The message was one of many received by Carson Palmer in the dizzying two days between the severe knee injury he suffered against the Steelers in January and reconstructive surgery -- "So many," the Bengals quarterback recalls wryly, "it was like I was dying of AIDS" -- and it stood out only because it came from the sole NFL passer who'd had a better statistical season in 2005.
Then Peyton Manning called again, and again. When the two quarterbacks finally spoke, Palmer thought, Wow, he must really want to get a hold of me. Why is he taking time out of his day to call a young punk like me?
Manning, who knows Palmer only on a casual basis, had his reasons for being supportive during the young Cincinnati star's moment of crisis. Like millions of other football fans, Manning was highly impressed with Palmer's pronounced progress in only his second season as an NFL starter. With his arm strength, accuracy and utter command of the offense, the kid seemed to be the second coming of Troy Aikman.
And like only a handful of men in his position, Manning understood the potential for loneliness and isolation that such an ill-timed injury could provoke. If you know Manning, you come to realize pretty quickly that his empathy for quarterbacks -- as players, as team leaders, as people with a unique set of pressures -- is constant and unending.
When he saw Palmer go down after releasing his lone pass early in the Bengals' first-round playoff game against the Steelers, a 66-yard completion to Chris Henry, Manning viewed the injury in a context beyond football.
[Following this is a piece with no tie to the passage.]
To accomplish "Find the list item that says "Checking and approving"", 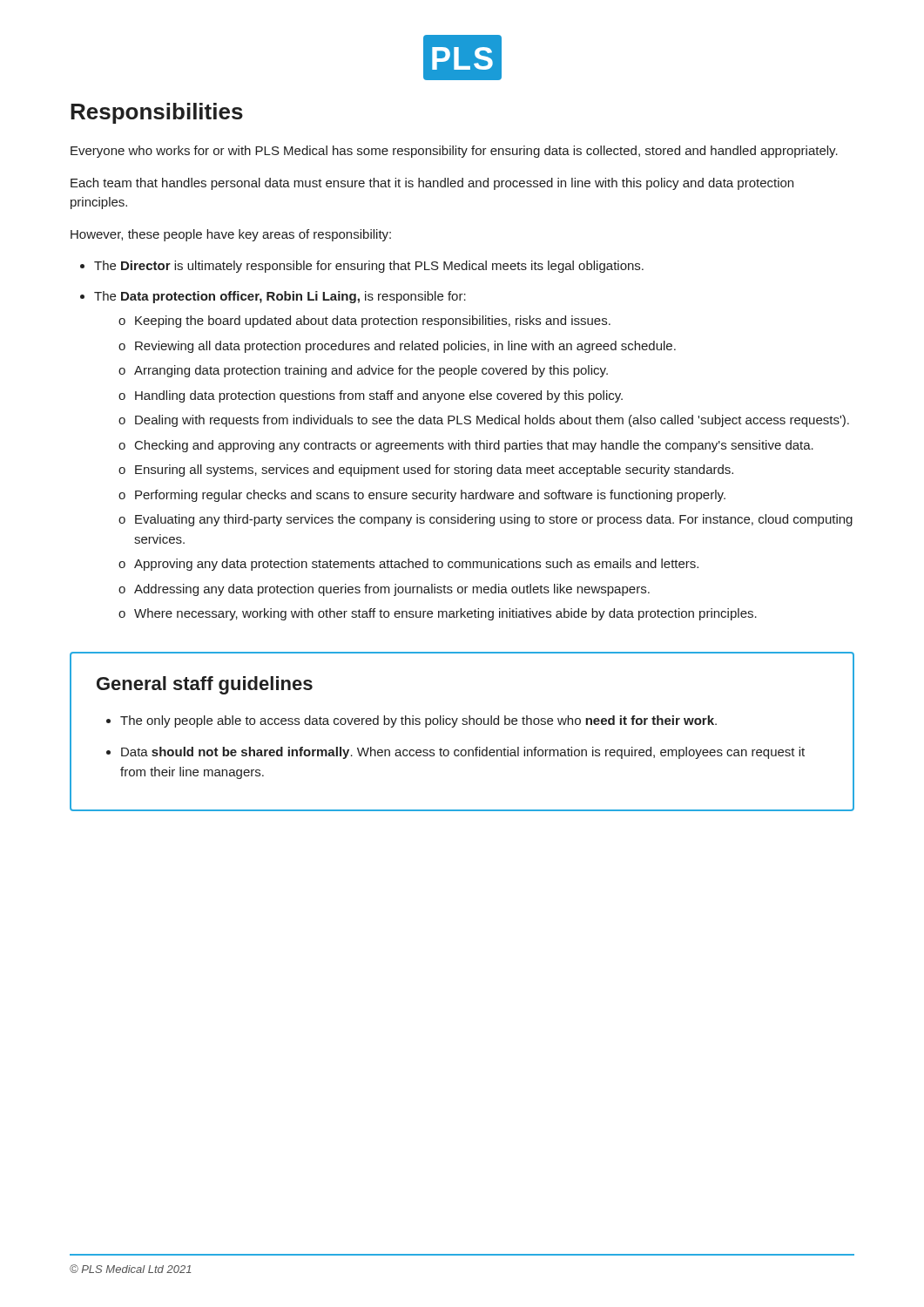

"I don't know, I just think sometimes in the offseason guys get hurt and people kind of forget about them somewhat," Manning explains. "It's kind of the same way when guys retire all of a sudden -- I'll usually send them a bottle of wine or a note when that happens -- and I'm just kind of sensitive to that [feeling of being forgotten]. And Carson's a good guy and a hard worker and obviously a very talented player."
Manning's advice to Palmer was simple: What you should be doing right now is looking out for Number 9.
"You get a lot of different types of advice on those injuries -- from what I hear," Manning says. "Hopefully I won't have to find out firsthand. I told Carson, 'Get to the best doctor; go to the best place for you.' I wished him luck on his rehab and told him to take his time on it."
As big a fan as Palmer is of Manning, he hasn't taken that latter suggestion to heart. Though he's not doing anything reckless, Palmer is pushing as hard as he can to be ready for the Bengals' Sept. 10 season opener against the Chiefs in Kansas City.
Whenever Palmer makes it back onto the field, it will be a huge psychological boost for the Bengals, a rising franchise with designs on supplanting the division-rival Steelers as the NFL's top team. Most Cincinnati players feel they'd have beaten Pittsburgh at Paul Brown Stadium that day had Palmer not taken that hit from defensive end Kimo Von Oelhoffen. "Oh, I'd have a ring, I do believe," wideout Chad Johnson says.
Johnson admits that the sight of Palmer being carted off the field emotionally affected him and his teammates, saying, "It puts a damper on everything, especially when it's your quarterback -- he makes everything go."